久部良バリは「久部良割」とも表記される。

訪れる人はほとんどいない

久部良バリ
与那国島の西の端。久部良バリは目の前に大海原が広がる見晴らしの良い場所にあります。小さな説明書きがポツンと立っているだけということもあり、ここを訪れる観光客は多くはありません。私が足を運んだ時も他には誰もいませんでした。

離島の悪税・人頭税

久部良バリ
あなたは人頭税(にんとうぜい)を知っていますか? 以前宮古島の記事に書きましたが、これは1937年から1903年まで、260年以上も沖縄の人々を苦しめた重税。この税金を払うために沖縄の離島では間引きや殺人まで起こっていました。

過酷な税制が引き起こした悲劇「人頭税石(賦測石)」【宮古島】
   1637年〜1903年に260年以上も沖縄の人々を苦しめ続けた過酷な税金・人頭税。琉球王府が取り立てる税金はあまりに重く、離島では村人どうしの間引き、殺人まで行われました。

琉球人による搾取

久部良バリ
琉球王国が栄えた14世紀、与那国島は女酋長・サンアイイソバによって統治されていました。しかし中国やアジアの貿易が盛んになるにつれて、琉球人各離島に入り込むようになりました。この頃から沖縄の島々は琉球王府による搾取が始まりました。

翻弄され続ける人々

久部良バリ
そして1609年に薩摩藩が琉球に侵略し首里城を開城。
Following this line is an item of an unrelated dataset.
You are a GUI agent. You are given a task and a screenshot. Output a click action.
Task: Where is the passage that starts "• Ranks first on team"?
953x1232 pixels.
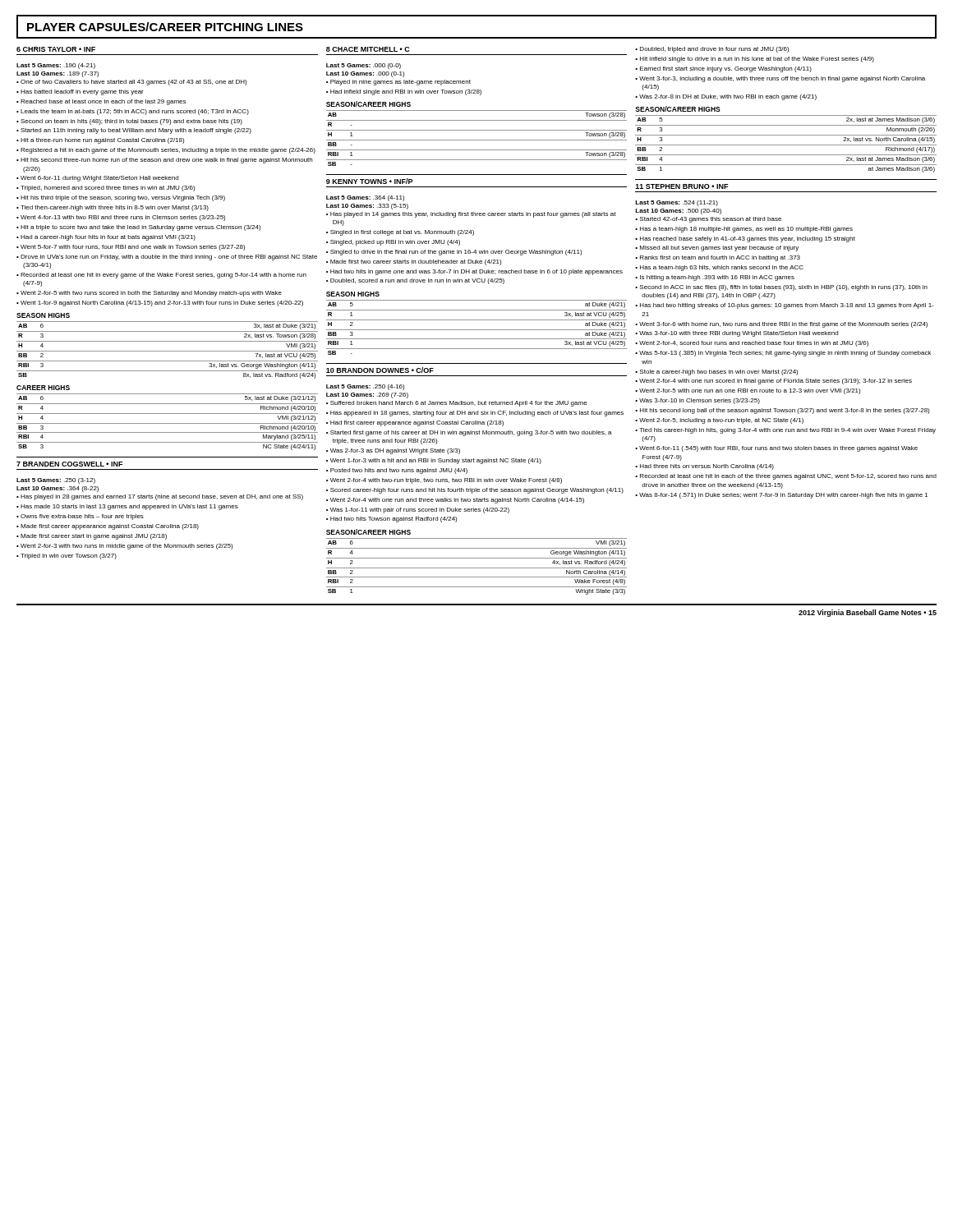718,258

薩摩藩は琉球王府を支配し圧力をかけました。そのため琉球王府は宮古・八重山の島々に重税を課すようになりました。それが人頭税です。

妊婦を飛び越えさせた岩の裂け目

久部良バリ
これが久部良バリです。この岩の裂け目は幅3〜4メートル、深さは7〜8メートルほどもあるでしょうか。写真の私と比べると大きさが分かりやすいと思います。人頭税に苦しんでいた島民が苦渋の末に選んだ解決法です。子宝に恵まれた妊婦はここに連れて来られ、この久部良バリの岩から岩へと飛び越えさせられました。

流産か転落死か

久部良バリ
身重の妊婦では仕事ができませんし、ぎりぎりの生活ではとても子育てなどできません。たとえこの岩を飛び越えられたとしても流産は免れられないでしょう。飛び越えられずにお腹の子供もろとも転落死してしまった女性も多かったと言います。

トゥングダへの死の招集

久部良バリ
また男性には人桝田(トゥングダ)という試練がありました。緊急徴集のドラや法螺貝の音がすれば、すぐにトゥングダという田んぼに走って行かねばなりませんでした。制限時間以内にトゥングダに駆けつけることができなかった男性は、労働力がないとみなされて処刑されました。

口減らしのための殺人

久部良バリ
体力のない人、家計を圧迫する子供、体の不自由な人、知的障害者、病人、怪我人、老人……。これらの人々はみな口減らしのために殺されました。人頭税は1903年まで──ほんの100年前まで沖縄の離島の人々にかけられていたのです。

暗い歴史の残る場所

久部良バリ
久部良バリの傍らには地蔵菩薩が祀られていました。ここは南の楽園・与那国島の印象とはまるで違う重々しい雰囲気に包まれていました。島の人はよく「沖縄本島の人間と自分たちは違うと考えている」と言いますが、歴史を考えると無理もないと思います。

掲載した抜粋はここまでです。